Я встретила его взгляд — и застывший в них ужас парализовал меня. Это было не просто давление. Что-то невидимое прорвалось сквозь его глаза, коснулось моего тела изнутри. Будто кровь в венах закипела, каждая клетка сжалась от боли.
Я задрожала, дыхание сбилось, по щекам хлынули слёзы. Но он не отпускал.
Я поняла: он использует силу. Ту самую, о которой шептались и пугали маленьких детей. Его воля ломала моё тело, подчиняла его, стискивала, пока я не чувствовала ничего, кроме огня и невыносимой муки.
— Михаэль… — попыталась я прохрипеть, но слова застревали в горле.
Он смотрел на меня убийственно. Словно каждую секунду решал — раздавить меня окончательно или оставить живой. Его ярость была такой сильной, что даже воздух вокруг будто застыл, тяжёлый, удушающий.
И всё же, среди этой невыносимой боли, во мне прорвалось что-то другое. Последняя искра силы, последняя правда, которую я могла сказать.
— Убей меня… — выдохнула я, с трудом разлепив губы.
В тот миг его пальцы ослабли. Он замер. Я почувствовала, как его хватка исчезает, а вместе с ней — и это невыносимое давление, ломающее тело.
Он отшатнулся, будто обжёгся. Смотрел на меня широко раскрытыми глазами — и в них впервые за всё время была не злость, а растерянность.

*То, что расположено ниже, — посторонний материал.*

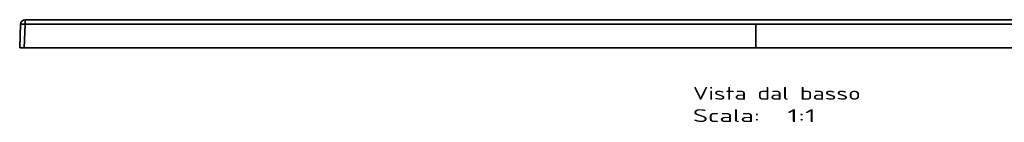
# Model space of a CAD drawing. Extents: x -206 to 1934, y -73 to 1573.
# Tile 4 of 5: x -206 to 864, y 1155 to 1267. Entities that reach past the tile are written whole.
import ezdxf
from ezdxf.enums import TextEntityAlignment as Align

# ---------------------------------------------------------------- set-up
doc = ezdxf.new("R2010")
doc.units = 0
doc.layers.get('0').update_dxf_attribs({"lineweight": 13})
doc.styles.get("Standard").update_dxf_attribs({"font": 'isocp.shx'})

# ---------------------------------------------------------------- blocks, each defined once
blk = doc.blocks.new('BLOCK4')
at = {"color": 7, "lineweight": 13}
for s, p, p2 in [('Vista dal basso', (-68.5, -56.3), (113.7, -56.3)), ('Scala:', (-68.5, -80.5), (4.4, -80.5)), ('  1:1', (4.4, -80.5), (65.1, -80.5))]:
    blk.add_text(s, height=14, dxfattribs=at).set_placement(p, p2, align=Align.FIT)
blk = doc.blocks.new('BLOCK5')
at = {"color": 7, "lineweight": 35}
for p, q in [((-799.1, 25.7), (-800, 0)), ((-800, 0), (-799.1, 25.7)), ((-799.1, 25.7), (-800, 0)), ((-800, 0), (-799.1, 25.7)), ((-794.1, 25.7), (-795, 0)), ((-794.1, 25.7), (-795, 0)), ((794.1, 30.5), (-794.1, 30.5)), ((-794.1, 30.5), (794.1, 30.5)), ((0, 25.7), (-794.1, 25.7)), ((-794.1, 25.7), (0, 25.7)), ((794.1, 25.7), (0, 25.7)), ((0, 25.7), (0, 0)), ((0, 25.7), (794.1, 25.7)), ((0, 25.7), (0, 0)), ((-795, 0), (0, 0)), ((-795, 0), (0, 0)), ((0, 0), (-795, 0)), ((795, 0), (0, 0)), ((795, 0), (0, 0)), ((795, 0), (0, 0)), ((0, 0), (-47.6, 0)), ((-47.6, 0), (0, 0)), ((0, 0), (47.6, 0)), ((47.6, 0), (0, 0))]:
    blk.add_line(p, q, dxfattribs=at)
at = {"color": 7, "lineweight": 35, "ltscale": 0.120638}
blk.add_line((-794.1, 30.5), (-794.1, 25.7), dxfattribs=at)
blk.add_line((-794.1, 30.5), (-794.1, 25.7), dxfattribs=at)
at = {"color": 7, "lineweight": 35, "ltscale": 0.124924}
for p, q in [((-795, 0), (-800, 0)), ((-795, 0), (-800, 0)), ((-800, 0), (-795, 0))]:
    blk.add_line(p, q, dxfattribs=at)
at = {"color": 7, "lineweight": 35}
blk.add_arc((-794.1, 25.5), 5, 90, 178, dxfattribs=at)
blk.add_arc((-794.1, 25.5), 5, 90, 178, dxfattribs=at)
blk.add_ellipse((-794.1, 25.5), major_axis=(5, -0.17), ratio=0.034878, start_param=1.572014, end_param=3.141593, dxfattribs=at)
blk.add_open_spline([(-794.1, 25.7), (-795, 25.7), (-795.9, 25.7), (-796.8, 25.7), (-797.9, 25.8), (-798.7, 25.7), (-798.9, 25.7), (-799, 25.7), (-799.1, 25.7), (-799.1, 25.7), (-799.1, 25.7), (-799.1, 25.7)], degree=5, knots=[0, 0, 0, 0, 0, 0, 6.876031, 6.876031, 6.876031, 9.815222, 9.815222, 9.815222, 10.586349, 10.586349, 10.586349, 10.586349, 10.586349, 10.586349], dxfattribs=at)

msp = doc.modelspace()

# ---------------------------------------------------------------- block references
at = {"lineweight": 0}
for name in ['BLOCK5', 'BLOCK4']:
    msp.add_blockref(name, (594.5, 1236.1), dxfattribs=at)

doc.saveas('drawing.dxf')

Я задыхалась, хватая воздух рваным дыханием. Слёзы текли по щекам, но уже не от боли, а от того, что я сказала. Я знала: он понял. Я действительно была готова умереть.
— Убей меня, — повторила я тише, едва слышно. — Ты выполнишь свою часть договора и без меня. Мне незачем быть рядом. Возьми мою жизнь. Прошу.
Я протянула к нему руку — слабая, дрожащая, но твёрдая в своём решении. В тот момент мне казалось, что смерть лучше, чем любить его и знать, что в ответ — только холод.
— Ну же… — прошептала я.
Он стоял, стиснув зубы, и мотал головой, словно сам себе противоречил.
— Я не возьму твою жизнь, — наконец сказал он хрипло.
— Уж лучше смерть, чем быть привязанной к любимому, у которого холодное сердце, — слова сорвались с меня сами, и я даже не пыталась их остановить. — Я не вынесу этого больше ни дня. У меня не осталось ничего. Все покинули меня.
В его глазах мелькнула боль, которую он пытался скрыть, но слишком поздно. Он резко отвернулся, схватил плащ и шагнул к двери.
— Михаэль! — мой голос дрогнул, но он даже не остановился.
Дверь закрылась за ним тихо, почти бесшумно. Но этот звук ударил в грудь громче, чем раскат грома.
Я осталась одна.
Комната показалась пустой, слишком большой. Тишина давила. Я прижала ладони к лицу, а губы сами прошептали:
— Не уходи…
Слёзы захлестнули, и я впервые позволила себе плакать так открыто, без остатка.